О толкании локтями в поэтической критике, полемике с Бродским и источниках финансирования
— Владимир, поздравляем ваш проект с десятилетием. Как вы оцениваете сделанное, оглядываясь на этот немаленький период?
— Что-то получилось сделать. Когда мы начинали, не могли даже представить, что у нас будет такая большая аудитория в сети — сейчас это более миллиона человек в год. Сначала мы придумали интересную, оригинальную концепцию бумажного издания, которое выпускали раз в полгода. Например, журнал с самого начала ставил задачу поставить филологическое знание на службу просвещению. Ведь филологическое знание само по себе имеет тенденцию окукливаться. У нас был очень примитивный сайт, мы просто выкладывали материалы номера. А потом стало понятно, что та концепция, которую мы придумали, — связанная с установкой на расширение количества читателей поэзии — требует адекватного технического решения.
— Выпускать только журнал при такой концепции было явно недостаточно.
— Да, именно так. Поэтому мы разработали проект сайта и пару лет искали на него деньги. Нашли — выиграли грант. Осенью 2020-го запустили сайт. И вот по итогам 2023-го года мы насчитали совокупную аудиторию во всех каналах, включая телеграм-канал и социальные сети, примерно 1,3 миллиона человек.

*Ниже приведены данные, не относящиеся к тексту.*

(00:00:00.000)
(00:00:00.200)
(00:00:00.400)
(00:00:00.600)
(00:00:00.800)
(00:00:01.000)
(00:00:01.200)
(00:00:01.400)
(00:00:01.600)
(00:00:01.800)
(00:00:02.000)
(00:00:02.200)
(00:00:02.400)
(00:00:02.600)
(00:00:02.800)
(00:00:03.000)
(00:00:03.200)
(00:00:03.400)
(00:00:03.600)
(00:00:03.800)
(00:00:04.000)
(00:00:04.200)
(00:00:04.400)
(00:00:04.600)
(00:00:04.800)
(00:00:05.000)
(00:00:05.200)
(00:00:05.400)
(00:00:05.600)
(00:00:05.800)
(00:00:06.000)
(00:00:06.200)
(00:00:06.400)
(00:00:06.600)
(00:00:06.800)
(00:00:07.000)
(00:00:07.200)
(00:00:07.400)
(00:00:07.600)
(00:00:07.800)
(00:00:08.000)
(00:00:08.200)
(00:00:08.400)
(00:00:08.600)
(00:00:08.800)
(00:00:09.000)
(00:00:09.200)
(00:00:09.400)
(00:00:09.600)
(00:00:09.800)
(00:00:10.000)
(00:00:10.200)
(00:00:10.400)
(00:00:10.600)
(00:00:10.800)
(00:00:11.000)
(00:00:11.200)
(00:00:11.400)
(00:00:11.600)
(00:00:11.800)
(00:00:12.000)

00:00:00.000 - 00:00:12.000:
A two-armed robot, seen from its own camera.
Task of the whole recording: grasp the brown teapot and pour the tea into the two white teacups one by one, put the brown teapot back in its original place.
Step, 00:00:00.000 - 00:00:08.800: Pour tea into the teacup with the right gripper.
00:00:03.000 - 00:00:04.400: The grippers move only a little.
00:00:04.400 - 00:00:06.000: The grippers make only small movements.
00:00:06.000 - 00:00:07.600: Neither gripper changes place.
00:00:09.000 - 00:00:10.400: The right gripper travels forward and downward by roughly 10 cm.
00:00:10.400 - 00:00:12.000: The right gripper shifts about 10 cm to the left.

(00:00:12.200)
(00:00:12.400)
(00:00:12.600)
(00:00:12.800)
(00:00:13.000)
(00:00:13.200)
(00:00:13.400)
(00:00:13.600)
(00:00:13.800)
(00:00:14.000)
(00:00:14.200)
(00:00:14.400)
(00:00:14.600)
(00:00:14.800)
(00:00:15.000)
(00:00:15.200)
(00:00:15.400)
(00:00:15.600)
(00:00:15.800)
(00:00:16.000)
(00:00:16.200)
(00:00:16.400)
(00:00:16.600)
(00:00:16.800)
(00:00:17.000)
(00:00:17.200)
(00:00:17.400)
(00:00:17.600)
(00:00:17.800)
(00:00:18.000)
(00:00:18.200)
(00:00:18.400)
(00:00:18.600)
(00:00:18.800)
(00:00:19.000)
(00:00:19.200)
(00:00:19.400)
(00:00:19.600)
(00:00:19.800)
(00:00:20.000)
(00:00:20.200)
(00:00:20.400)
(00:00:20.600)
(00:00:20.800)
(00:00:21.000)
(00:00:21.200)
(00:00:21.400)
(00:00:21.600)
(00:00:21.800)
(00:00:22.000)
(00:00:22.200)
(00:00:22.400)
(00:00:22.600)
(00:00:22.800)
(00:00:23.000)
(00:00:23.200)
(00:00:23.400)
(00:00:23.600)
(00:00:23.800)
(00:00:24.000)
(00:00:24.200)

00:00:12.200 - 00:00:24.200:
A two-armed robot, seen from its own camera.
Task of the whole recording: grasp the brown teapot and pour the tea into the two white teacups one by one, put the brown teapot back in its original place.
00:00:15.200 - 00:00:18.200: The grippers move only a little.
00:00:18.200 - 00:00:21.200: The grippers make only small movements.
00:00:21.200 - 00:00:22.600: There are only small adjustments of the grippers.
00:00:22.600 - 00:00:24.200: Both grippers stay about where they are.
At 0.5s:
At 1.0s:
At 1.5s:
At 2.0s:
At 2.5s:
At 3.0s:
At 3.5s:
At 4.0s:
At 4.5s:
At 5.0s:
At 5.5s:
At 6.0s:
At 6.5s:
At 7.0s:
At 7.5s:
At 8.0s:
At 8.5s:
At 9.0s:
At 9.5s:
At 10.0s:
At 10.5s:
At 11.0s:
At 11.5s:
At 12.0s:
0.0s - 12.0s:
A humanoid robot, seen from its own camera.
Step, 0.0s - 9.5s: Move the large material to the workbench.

Помню, пока мы искали деньги на сайт, я носился с цитатой из Бродского, согласно которой поэзию во все времена читает примерно один процент населения. При этом некоторые социологи говорят, что цифра на самом деле больше — 2-3%. Я показывал эти данные всем и спрашивал: вы помните, какое население в России? Так вот, у нас нет ни литературного, ни поэтического СМИ, которое охватывало бы аудиторию в один, два или три процента населения. У всех аудитория гораздо меньше. А у нас почти получилось — мы близки к этому одному проценту. Вот только пока не сказать, чтобы это сильно повлияло на наш литературный процесс.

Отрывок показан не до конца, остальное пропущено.